Yes, I do a lot patios and garages. That ceiling was several years ago. I think it was heat too because it was right below a hip in the roof. Probably not a lot of air flow and either no insulation or too much.

As far as garages, that's what I tell my customers. It's the hottest part of the home with no a/c. Then they pull their hot car in, which essentially bakes the drywall and tape. Plus the vibration of the garage door going up and down several times a day over the years. A lot of times I end up rescrewing the ceiling especially if it's was attached with those damn old school small dimpled nails.


----------



## MrWillys

I don't get the pissing contest here? When acoustic was used we did a tape top and spray. Therefore, if you remove it you must coat it to bring it up to a reasonable finish. Mrdrywall would freak out when doing core construction before the roof is water tight. Drywall must be kept wet for long periods of time to really do damage like flooding or a plumbing leak. Getting it wet for scraping or bending most will agree is completely acceptable.


----------



## Mrdrywall

MrWillys said:


> I don't get the pissing contest here? When acoustic was used we did a tape top and spray. Therefore, if you remove it you must coat it to bring it up to a reasonable finish. Mrdrywall would freak out when doing core construction before the roof is water tight. Drywall must be kept wet for long periods of time to really do damage like flooding or a plumbing leak. Getting it wet for scraping or bending most will agree is completely acceptable.


We are talking apples and oranges here. Core construction wtf show me someone that hangs drywall when a house is not dried in and I'll show you a fool. But that's not even what I'm talking about I've never mention mold I'm specifically talking about the mud joints the tape. And if you guys are telling me that saturating the mud joints has no effect on them then you need to go back to Drywall school.


----------



## Mrdrywall

This is like being in the Twilight zone where everyone says but we've always done it this way.


----------



## MrWillys

Mrdrywall said:


> We are talking apples and oranges here. Core construction wtf show me someone that hangs drywall when a house is not dried in and I'll show you a fool. But that's not even what I'm talking about I've never mention mold I'm specifically talking about the mud joints the tape. And if you guys are telling me that saturating the mud joints has no effect on them then you need to go back to Drywall school.

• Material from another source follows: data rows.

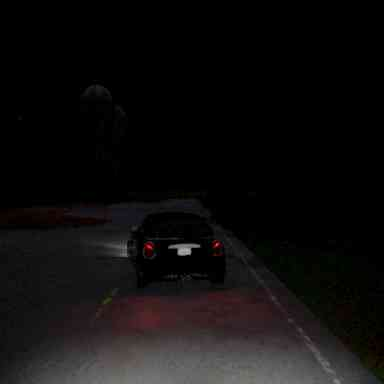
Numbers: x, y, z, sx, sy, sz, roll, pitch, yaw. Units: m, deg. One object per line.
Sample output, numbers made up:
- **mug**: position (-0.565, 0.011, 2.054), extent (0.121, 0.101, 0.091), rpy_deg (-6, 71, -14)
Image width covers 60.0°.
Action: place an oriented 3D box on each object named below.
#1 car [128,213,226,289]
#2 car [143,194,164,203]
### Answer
- **car**: position (-0.638, 1.361, 9.500), extent (2.097, 1.767, 4.553), rpy_deg (0, 0, -13)
- **car**: position (-9.057, 1.797, 75.679), extent (4.181, 1.381, 1.994), rpy_deg (0, 0, -1)
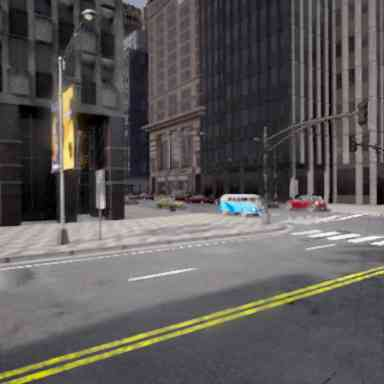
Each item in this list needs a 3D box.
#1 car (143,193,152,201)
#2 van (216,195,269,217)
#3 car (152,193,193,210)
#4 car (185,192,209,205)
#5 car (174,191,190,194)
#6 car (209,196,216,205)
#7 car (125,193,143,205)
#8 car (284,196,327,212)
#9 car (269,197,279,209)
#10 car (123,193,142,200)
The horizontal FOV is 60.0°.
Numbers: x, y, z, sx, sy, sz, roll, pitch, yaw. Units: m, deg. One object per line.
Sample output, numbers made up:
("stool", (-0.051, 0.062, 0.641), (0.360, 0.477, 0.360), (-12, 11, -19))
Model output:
("car", (-8.402, 0.892, 60.369), (1.887, 1.381, 4.507), (0, 1, -35))
("van", (4.125, 1.111, 27.892), (1.690, 1.788, 3.998), (0, 1, -35))
("car", (-2.272, 1.197, 36.939), (1.752, 1.417, 4.829), (0, 1, -35))
("car", (1.341, 1.047, 46.593), (1.887, 1.381, 4.507), (0, 1, -35))
("car", (-1.906, 0.766, 51.182), (2.192, 1.841, 5.009), (0, 1, -35))
("car", (4.589, 1.104, 42.001), (2.008, 1.369, 4.403), (0, 1, -35))
("car", (-8.866, 1.150, 46.262), (1.802, 1.307, 4.206), (0, 1, -35))
("car", (11.085, 1.094, 32.816), (1.967, 1.590, 4.097), (0, 1, -35))
("car", (7.838, 1.169, 37.408), (1.947, 1.339, 4.313), (0, 1, -35))
("car", (-11.650, 0.860, 64.961), (1.947, 1.339, 4.313), (0, 1, -35))

The core of a highrise? You think they wait until the tower is complete to start shaftwall and restrooms? In 1985 I did a 10 story in Concord CA. I'll never forget the water that poured down through that building in a hard rain. Shacks are simple, it's when you get outside the box where it gets fun. 
Plus, we used to stock our shacks prior to the windows going in. The board would get wet and we'd hang moldy board. The tapers would spray it with Clorox and once dry finish the house. Preach all you want but I'm not part of your choir and my qualifications are reasonably deep.


----------



## Mrdrywall

MrWillys said:


> The core of a highrise? You think they wait until the tower is complete to start shaftwall and restrooms? In 1985 I did a 10 story in Concord CA. I'll never forget the water that poured down through that building in a hard rain. Shacks are simple, it's when you get outside the box where it gets fun.
> Plus, we used to stock our shacks prior to the windows going in. The board would get wet and we'd hang moldy board. The tapers would spray it with Clorox and once dry finish the house. Preach all you want but I'm not part of your choir and my qualifications are reasonably deep.

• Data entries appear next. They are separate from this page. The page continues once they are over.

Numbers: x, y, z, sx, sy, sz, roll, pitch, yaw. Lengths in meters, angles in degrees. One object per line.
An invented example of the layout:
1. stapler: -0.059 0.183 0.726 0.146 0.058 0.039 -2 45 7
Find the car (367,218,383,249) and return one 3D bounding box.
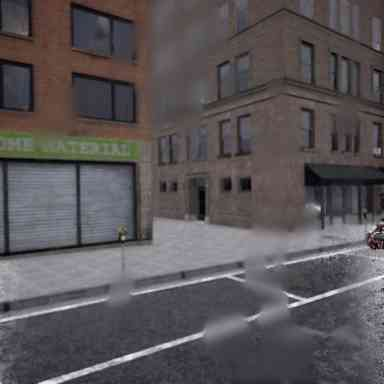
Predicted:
1. car: 8.426 1.359 12.657 4.097 1.590 1.967 0 -1 -35

You sir have now bested me. No way I can argue with such solid logic of hanging new moldy drywall and then spraying bleach on it
If that was even what I was talking about. And it was not.
But I'm sure sirmixalot will thank you lol


----------



## MrWillys

Mrdrywall said:


> You sir have now bested me. No way I can argue with such solid logic of hanging new moldy drywall and then spraying bleach on it
> If that was even what I was talking about. And it was not.
> But I'm sure sirmixalot will thank you lol


 These decisions were above my pay grade at the time and I'm just telling you the truth. If there's no moisture present mold can't survive. Your to good for the rest of us is an old tale. Lumber gets mold when framing sits out in the weather. Should we get all freaked out about it? I'll never forget those pretty colors of drywall. However, we weren't small time. 50 plus guys and we stocked our own board too. You can be a smug as you want. I've always said I didn't do drywall to make friends I did it to make money.
Maybe your could invent a drywall ziplock bag to keep your precious rock in?


----------



## Mrdrywall

Ok let's start this over. I am not talking about mold. I agree sometimes Sheetrock gets wet and is very fixable when that happens. The point I am bringing up is when the ceiling joints gets to saturated with water. It can cause the tape to fail. Not sure why this is even being debated.


----------



## endo_alley

Mrdrywall said:


> Ok let's start this over. I am not talking about mold. I agree sometimes Sheetrock gets wet and is very fixable when that happens. The point I am bringing up is when the ceiling joints gets to saturated with water. It can cause the tape to fail. Not sure why this is even being debated.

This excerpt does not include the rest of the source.